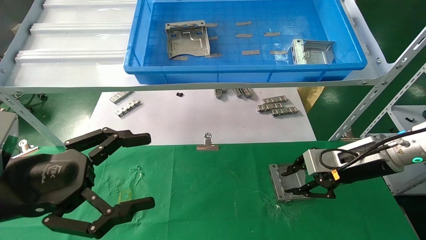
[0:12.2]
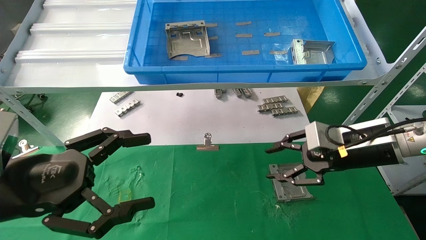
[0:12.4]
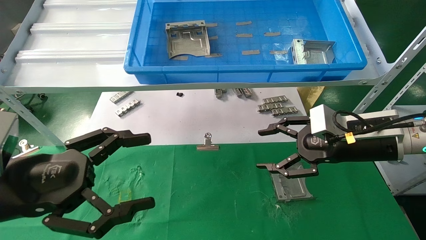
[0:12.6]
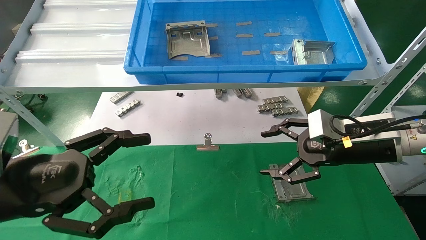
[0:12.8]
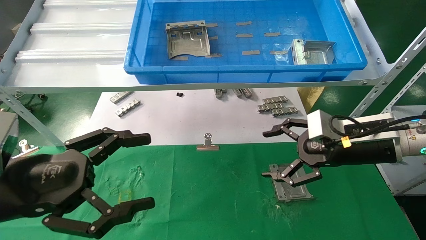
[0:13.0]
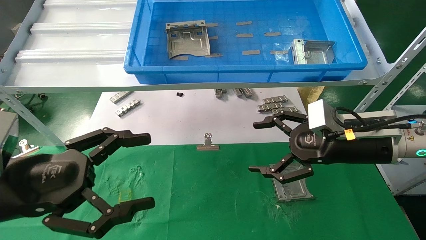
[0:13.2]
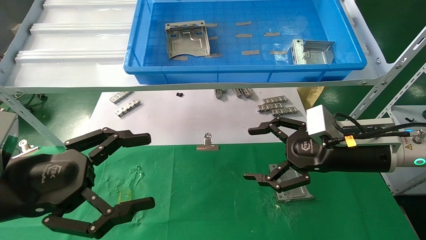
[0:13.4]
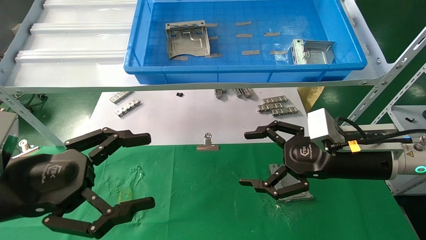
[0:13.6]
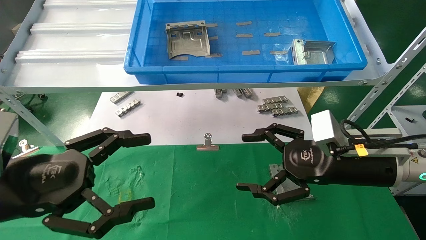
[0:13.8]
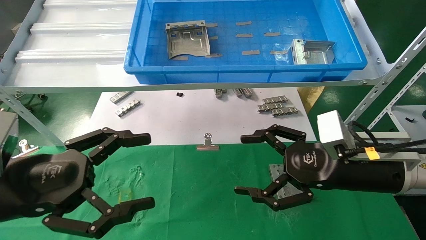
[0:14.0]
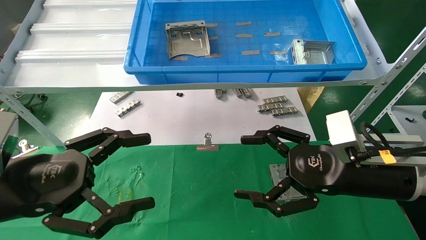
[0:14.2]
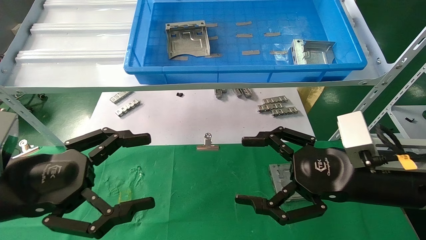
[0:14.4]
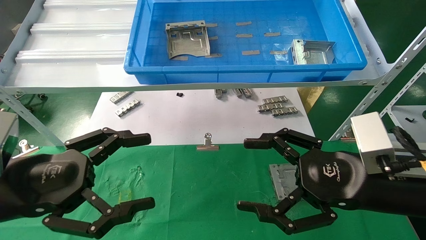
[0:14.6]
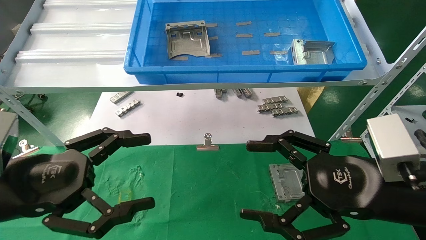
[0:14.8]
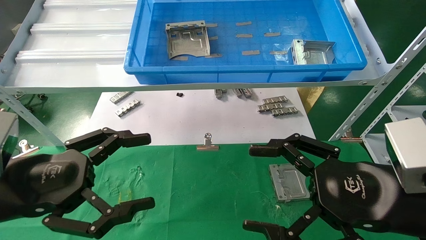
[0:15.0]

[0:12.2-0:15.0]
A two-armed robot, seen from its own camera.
Task of the whole recording: use the mechanical arm to pick up the parts and place them on the table.
0:12.2 to 0:13.6: The right gripper moves about 5 cm, and opens.
0:13.6 to 0:15.0: The right gripper is displaced backward by roughly 10 cm.

• _HOW TO COMPLETE THIS TASK_
Write out the whole listing verbatim, images excluded.

• _OUTPUT FOR THIS EXERCISE_
[0:12.2]
[0:12.4]
[0:12.6]
[0:12.8]
[0:13.0]
[0:13.2]
[0:13.4]
[0:13.6]
[0:13.8]
[0:14.0]
[0:14.2]
[0:14.4]
[0:14.6]
[0:14.8]
[0:15.0]

[0:12.2-0:15.0]
A two-armed robot, seen from its own camera.
Task of the whole recording: use the mechanical arm to pick up the parts and place them on the table.
0:12.2 to 0:13.6: The right gripper moves about 5 cm, and opens.
0:13.6 to 0:15.0: The right gripper is displaced backward by roughly 10 cm.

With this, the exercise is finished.